For the last two decades, South End has been a perpetual construction zone. Entire blocks get razed, and new buildings pop up in their place. If you visit only occasionally, it never looks the same as the last time. (“Where’d that apartment building come from? And why does it look nearly identical to the one next door?”)

One consistent criticism of South End, echoed by Furman, Shook and others, is that too many of the five- to seven-story apartment complexes look alike. Furman blames the pressure to get projects moving quickly to meet investor demands. “It’ll take six months to create development documents, three to four months of permitting, two years to build, and the client will ask, ‘Can you have the design by Friday?’ We’re spending 95% of our time in production and 5% in design.”

One sign of creativity is the 400-square-foot apartments that Furman designed as a residential component of The RailYard project. Most South End units range from 600 square feet to 1,200 square feet. “In an urban world, tenants will trade square footage for a kick-ass location,” he says.

Shook says if he had it to do over again, he’d “push for new code, require better urbanism, offer more affordable housing.” As parts of Charlotte continue to gentrify, he says, “It’s incumbent upon us to be respectful of the people who’ve made these neighborhoods home for a long time. These are issues of the soul as much as they are of code and infrastructure.”

But even Shook understands that change is inevitable and, at times, history must be bulldozed. After his Shook Kelley Inc. operated in South End since 1992, he sold the property to Atlanta-based Portman Holdings LLC late last year, which plans a food hall on the site that abuts the light-rail line. His 30-employee architecture firm moved to another developing inner-city neighborhood near Charlotte’s Johnson C. Smith University.
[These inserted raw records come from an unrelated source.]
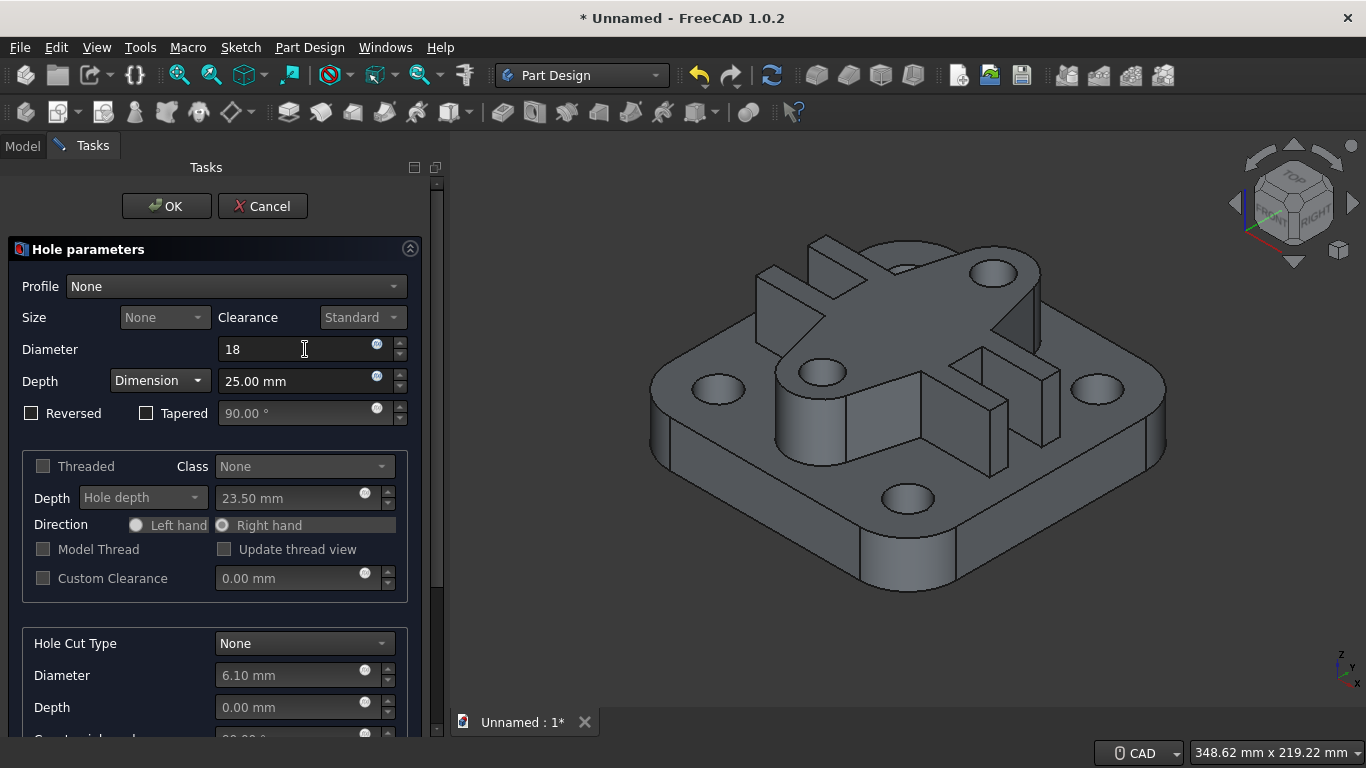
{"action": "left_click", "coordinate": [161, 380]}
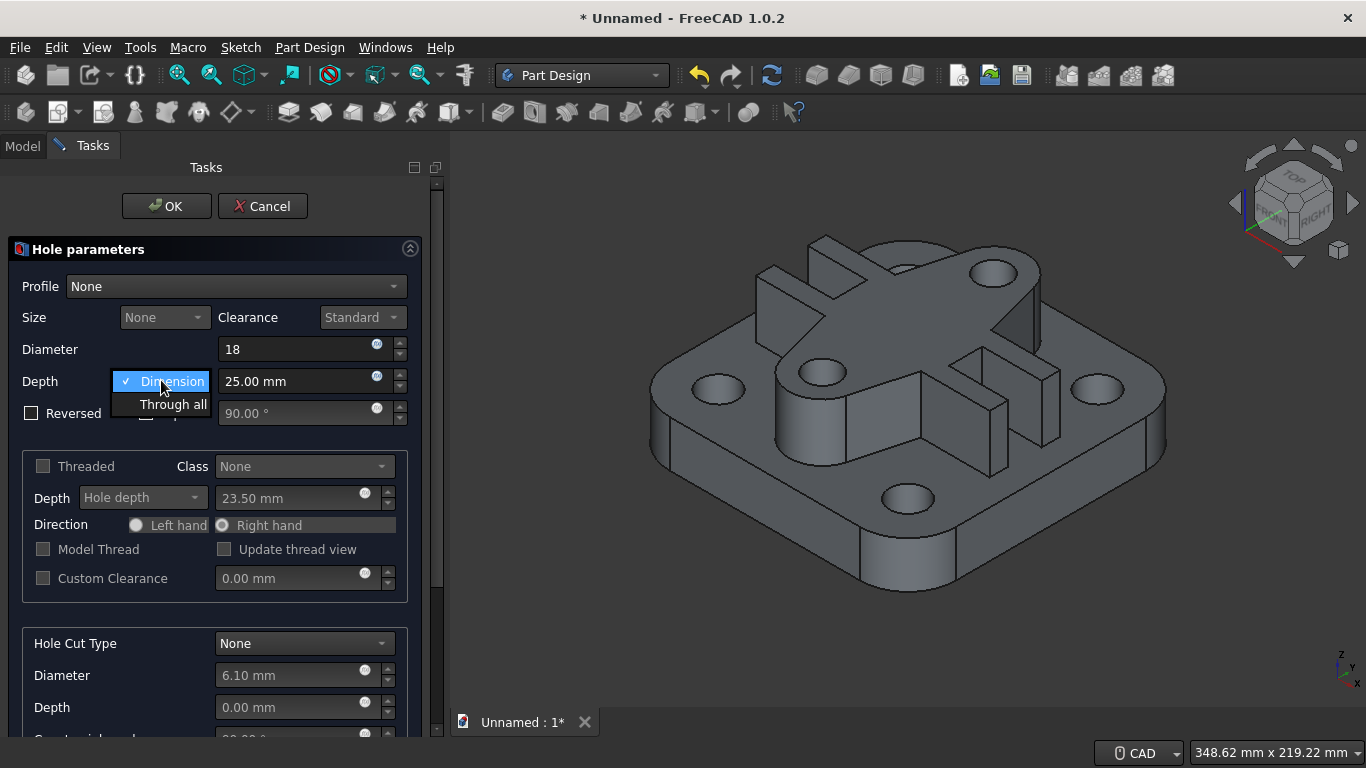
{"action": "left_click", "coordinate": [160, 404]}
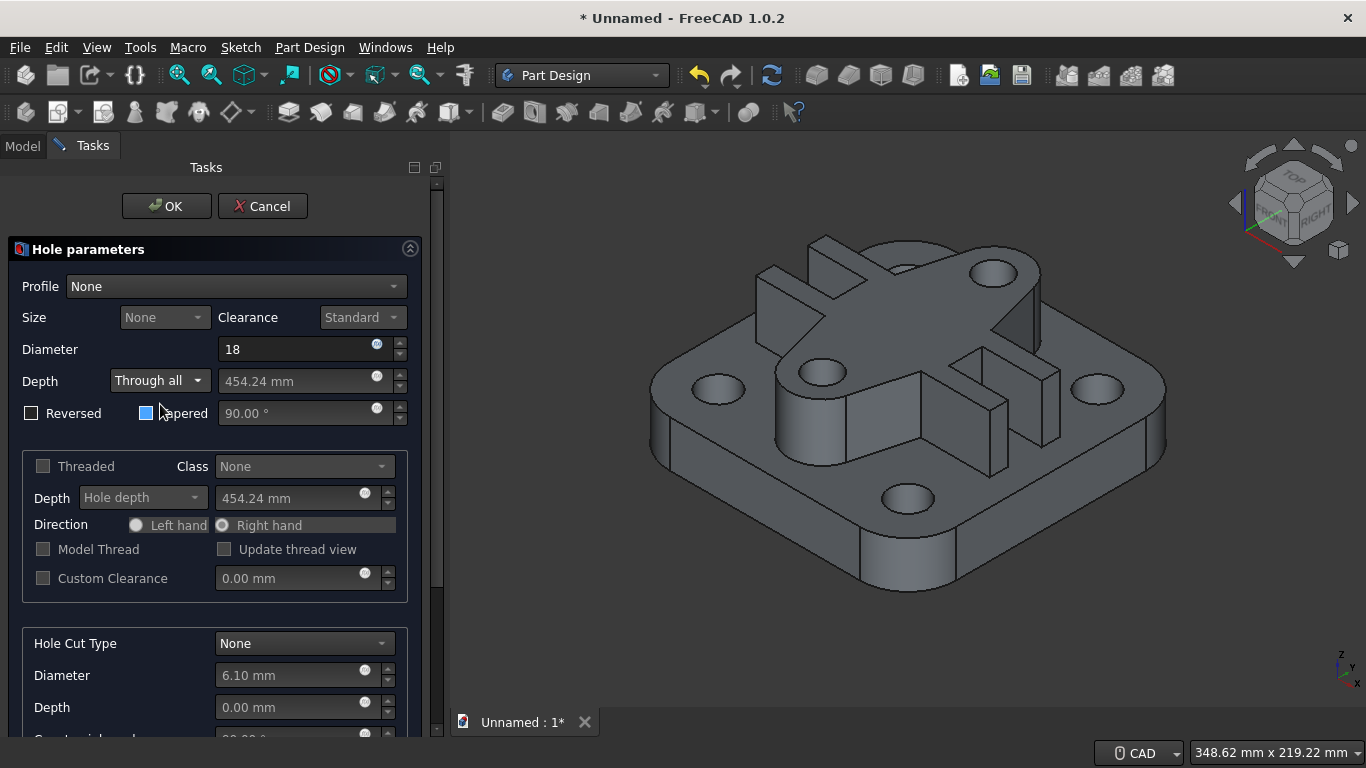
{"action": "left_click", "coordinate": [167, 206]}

In a sign that the more things change, the more they stay the same, Common Market returned to South End last fall on West Tremont Avenue. Though it’s a new building with a well-worn look, the market has the same kitschy decor that includes a Christmas Story-style leg lamp and a hand-lettered chalkboard sign pointing the way to “Fancy Ass Beers.” On the landing between the main level and the loft are barrel chairs with duct tape holding some of the vinyl together. “We got them from South End Exchange,” co-owner Graham Worth says. “They said, ‘They need to be recovered.’ We said, ‘Like hell they do.’”

Duct tape is part of the charm. So is Worth’s DIY paint job. To save money, he bought a random assortment of mis-tinted paints from Lowe’s. Patrons like the crazy quilt of a hangout. It’s unpretentious.

The neighborhood gathering place is still proudly open almost around the clock, 365 days a year. The old regulars have returned, says Barger, who is a minority owner. And newbies — there are so, so many — have been introduced to the bodega.

Barger smiles, thinking about his old role as South End’s mayor. “There really isn’t one [now],” he says. “The neighborhood has changed. It is not at all the municipality it was. It’s still pretty cool and groovy, what’s over here. But I don’t feel I know it anymore.”